*** Available records ***

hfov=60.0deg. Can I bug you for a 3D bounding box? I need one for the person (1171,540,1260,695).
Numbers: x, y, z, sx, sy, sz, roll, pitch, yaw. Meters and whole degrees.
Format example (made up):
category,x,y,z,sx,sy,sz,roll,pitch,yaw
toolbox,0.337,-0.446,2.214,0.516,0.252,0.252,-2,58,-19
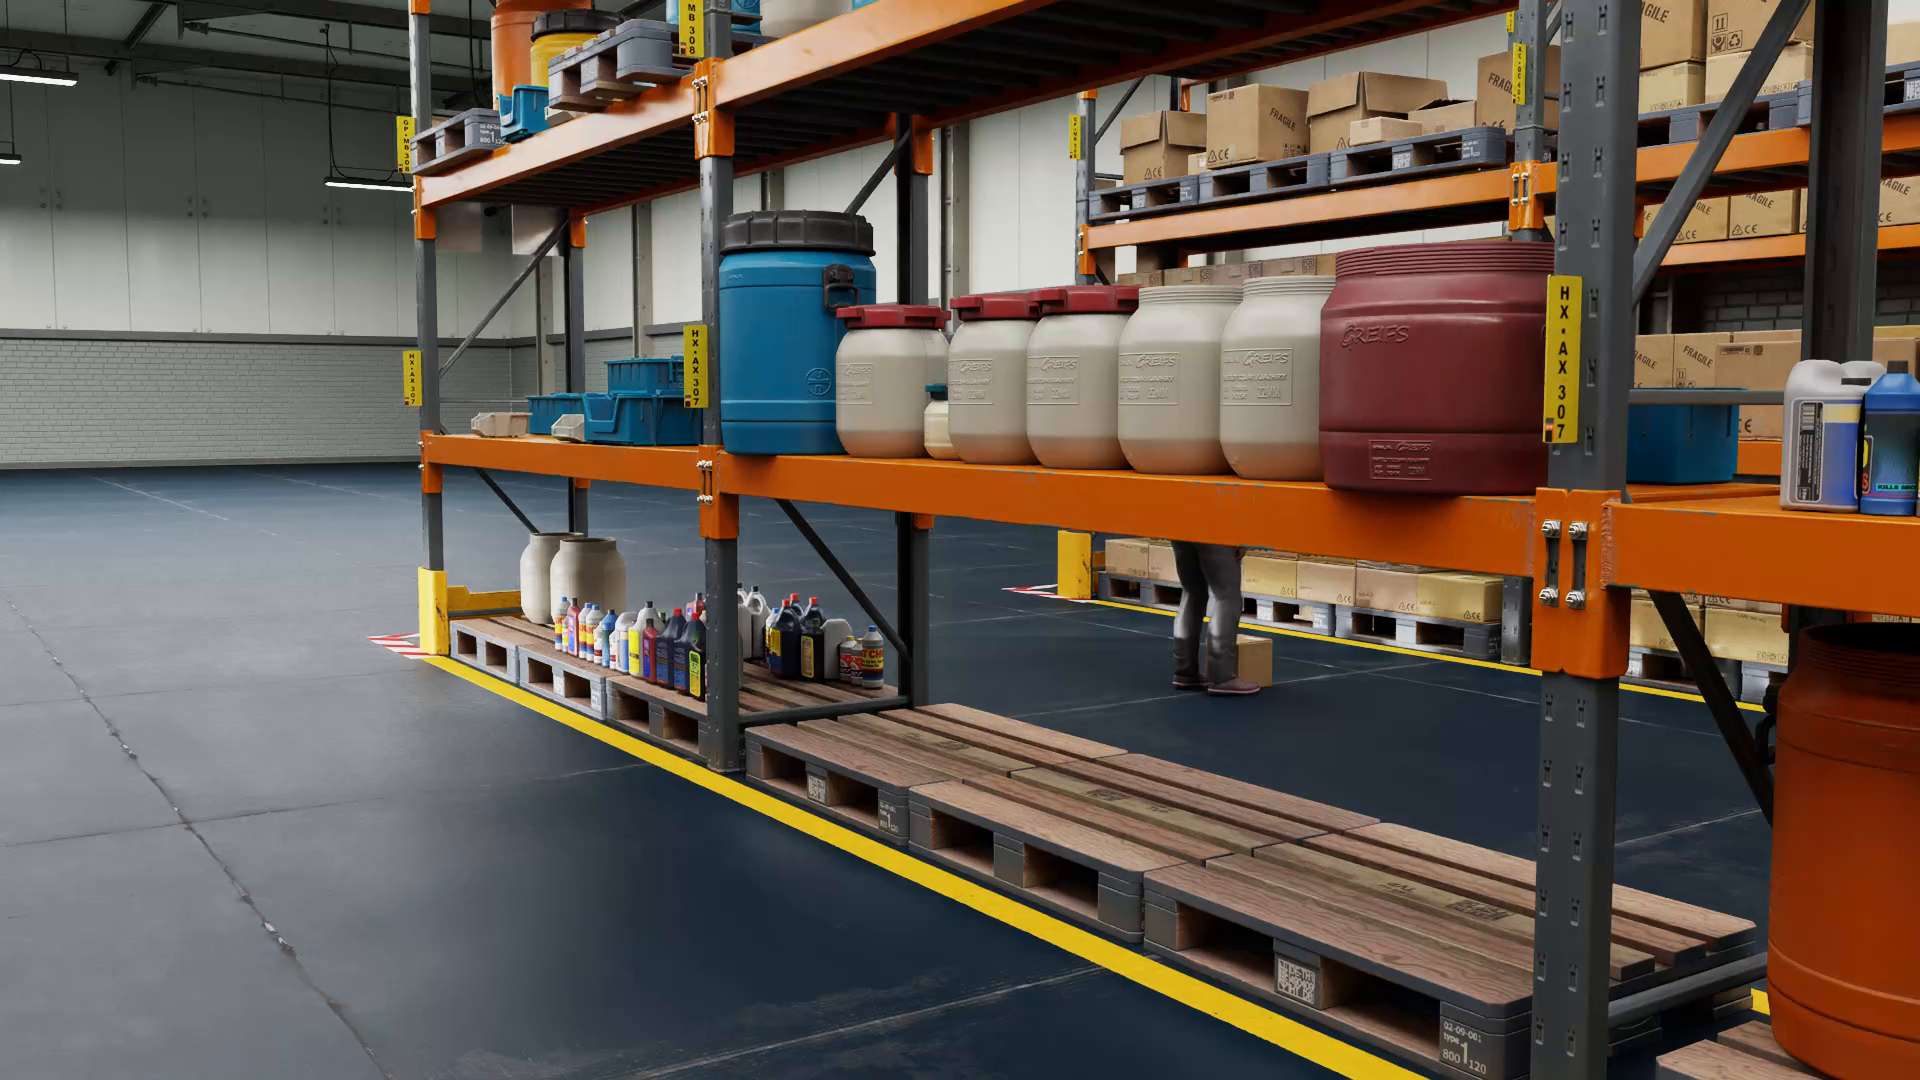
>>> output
category,x,y,z,sx,sy,sz,roll,pitch,yaw
person,1.291,-0.042,8.612,0.348,1.655,0.508,-3,6,-34
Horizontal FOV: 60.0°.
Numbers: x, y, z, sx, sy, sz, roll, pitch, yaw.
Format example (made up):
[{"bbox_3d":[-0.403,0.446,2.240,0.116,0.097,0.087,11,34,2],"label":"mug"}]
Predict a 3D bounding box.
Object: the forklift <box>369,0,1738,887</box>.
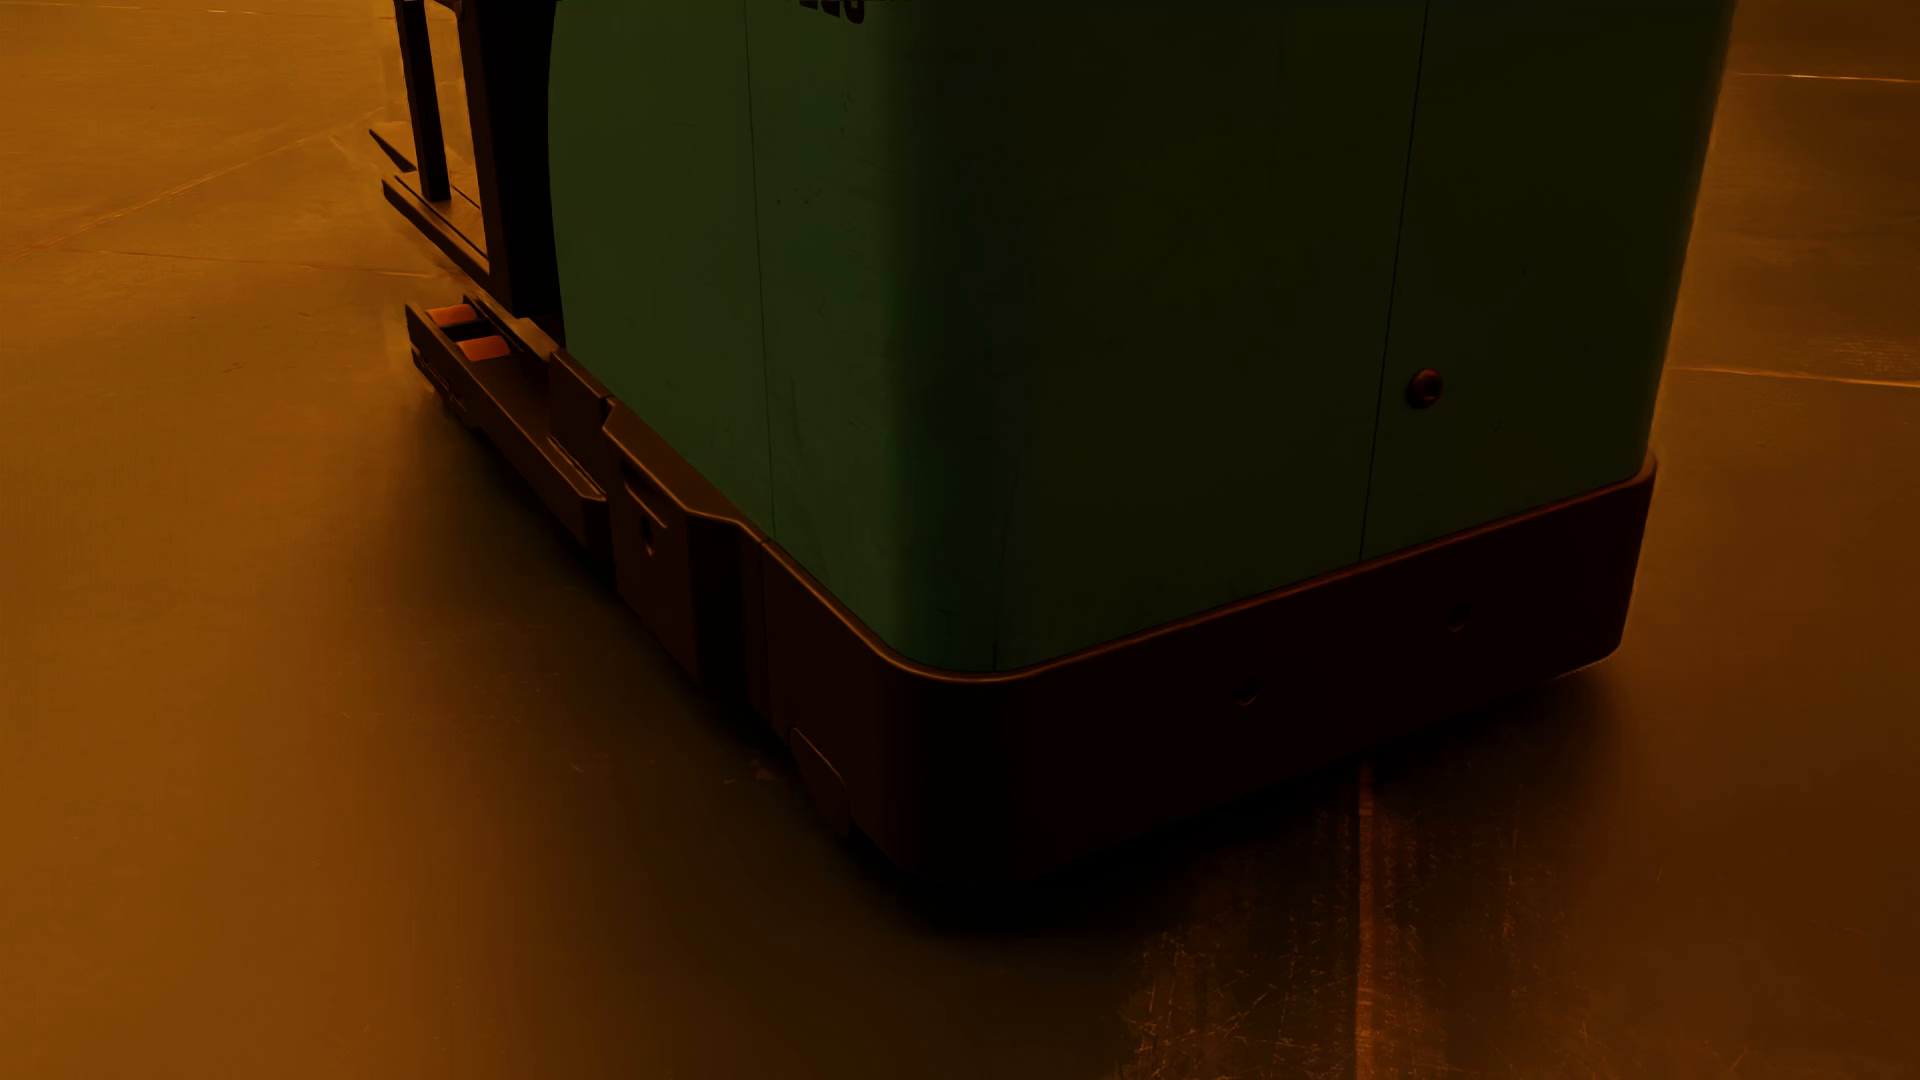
[{"bbox_3d":[-0.342,-1.588,2.393,1.130,2.935,3.031,-15,30,-27],"label":"forklift"}]
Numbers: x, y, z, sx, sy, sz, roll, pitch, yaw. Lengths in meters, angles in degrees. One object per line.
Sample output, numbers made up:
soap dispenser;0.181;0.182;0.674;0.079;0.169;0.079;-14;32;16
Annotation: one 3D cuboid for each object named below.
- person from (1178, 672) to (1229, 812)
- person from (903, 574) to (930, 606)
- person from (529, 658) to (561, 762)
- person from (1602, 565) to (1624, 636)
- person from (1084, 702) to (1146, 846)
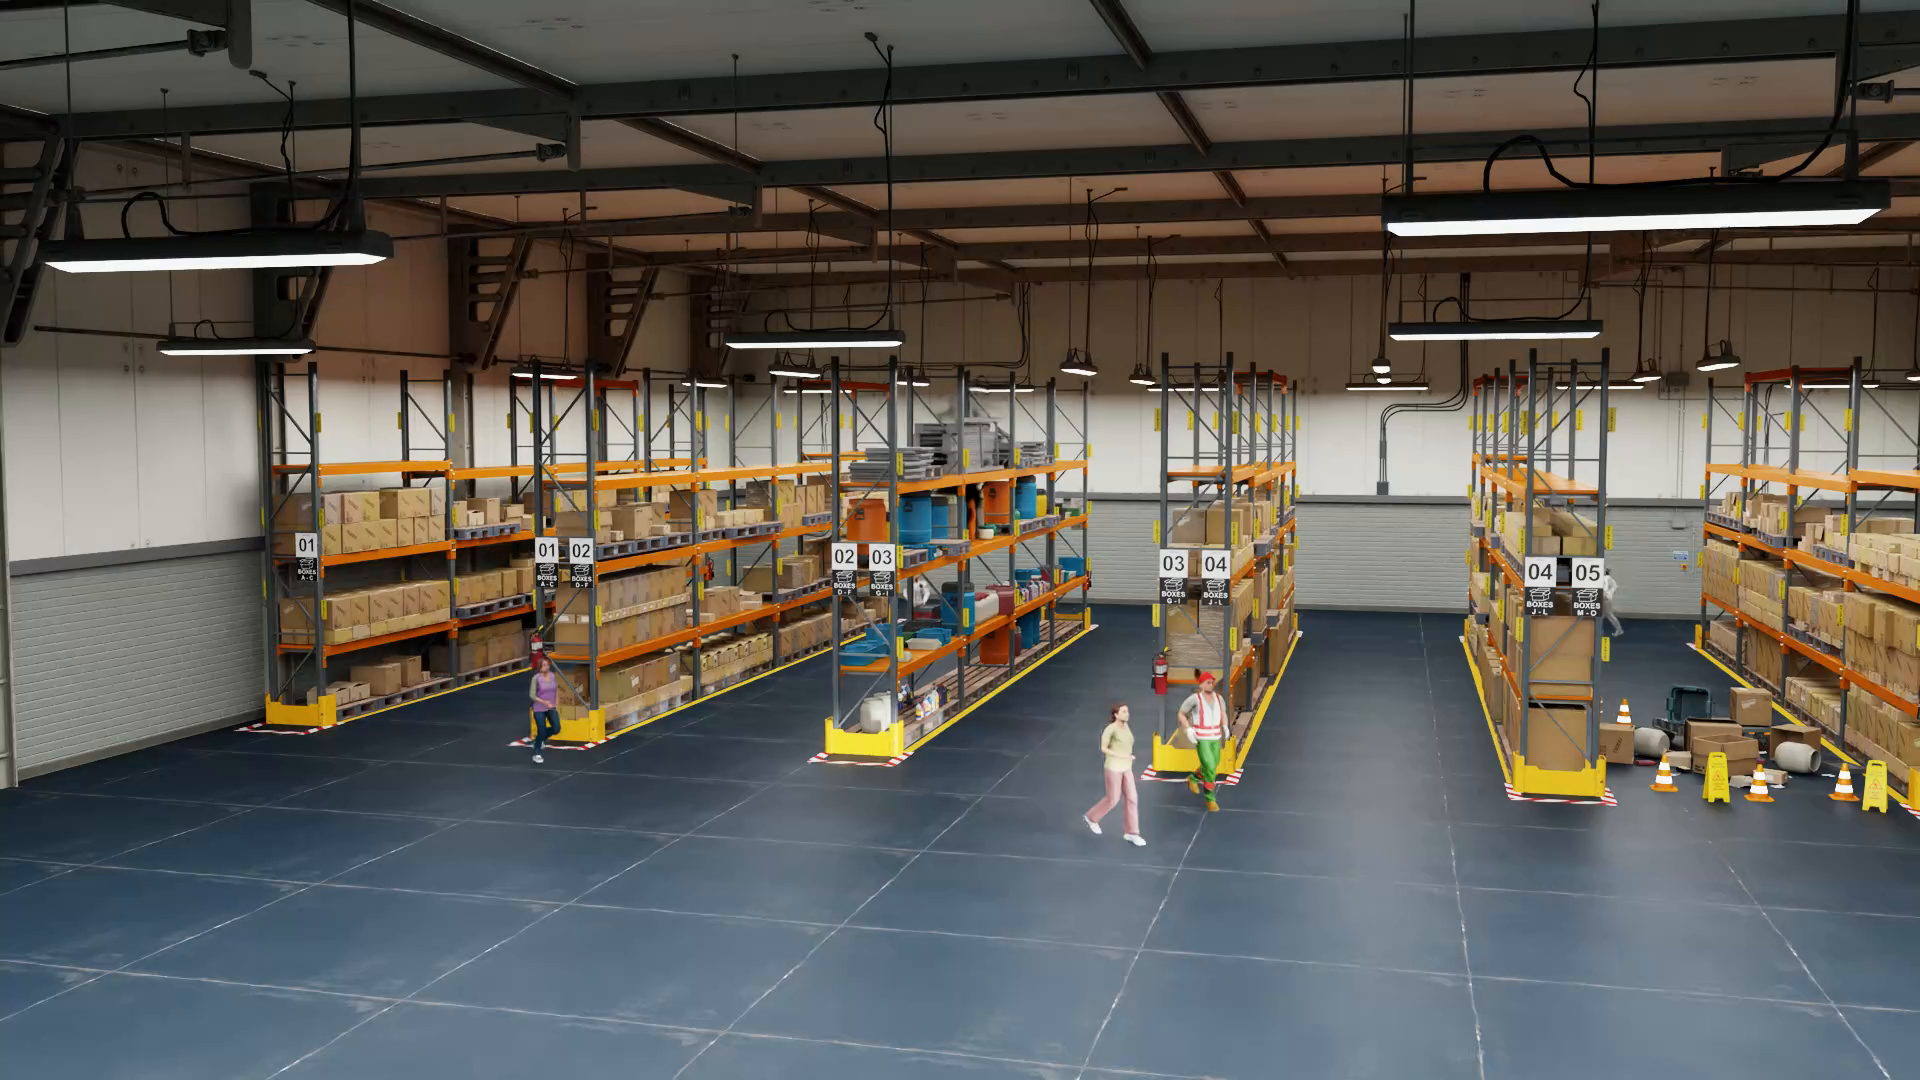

*** End of Available records ***

A faithful reproduction of every entry, with no pictures, is the expected answer.

hfov=60.0deg. Can I bug you for a 3D bounding box? I need one for the person (1171,540,1260,695).
Numbers: x, y, z, sx, sy, sz, roll, pitch, yaw. Meters and whole degrees.
Format example (made up):
category,x,y,z,sx,sy,sz,roll,pitch,yaw
toolbox,0.337,-0.446,2.214,0.516,0.252,0.252,-2,58,-19
>>> output
category,x,y,z,sx,sy,sz,roll,pitch,yaw
person,1.291,-0.042,8.612,0.348,1.655,0.508,-3,6,-34
Horizontal FOV: 60.0°.
Numbers: x, y, z, sx, sy, sz, roll, pitch, yaw.
Format example (made up):
[{"bbox_3d":[-0.403,0.446,2.240,0.116,0.097,0.087,11,34,2],"label":"mug"}]
Predict a 3D bounding box.
Object: the forklift <box>369,0,1738,887</box>.
[{"bbox_3d":[-0.342,-1.588,2.393,1.130,2.935,3.031,-15,30,-27],"label":"forklift"}]
Numbers: x, y, z, sx, sy, sz, roll, pitch, yaw. Lengths in meters, angles in degrees. One object per line.
Sample output, numbers made up:
soap dispenser;0.181;0.182;0.674;0.079;0.169;0.079;-14;32;16
Annotation: one 3D cuboid for each object named below.
- person from (1178, 672) to (1229, 812)
- person from (903, 574) to (930, 606)
- person from (529, 658) to (561, 762)
- person from (1602, 565) to (1624, 636)
- person from (1084, 702) to (1146, 846)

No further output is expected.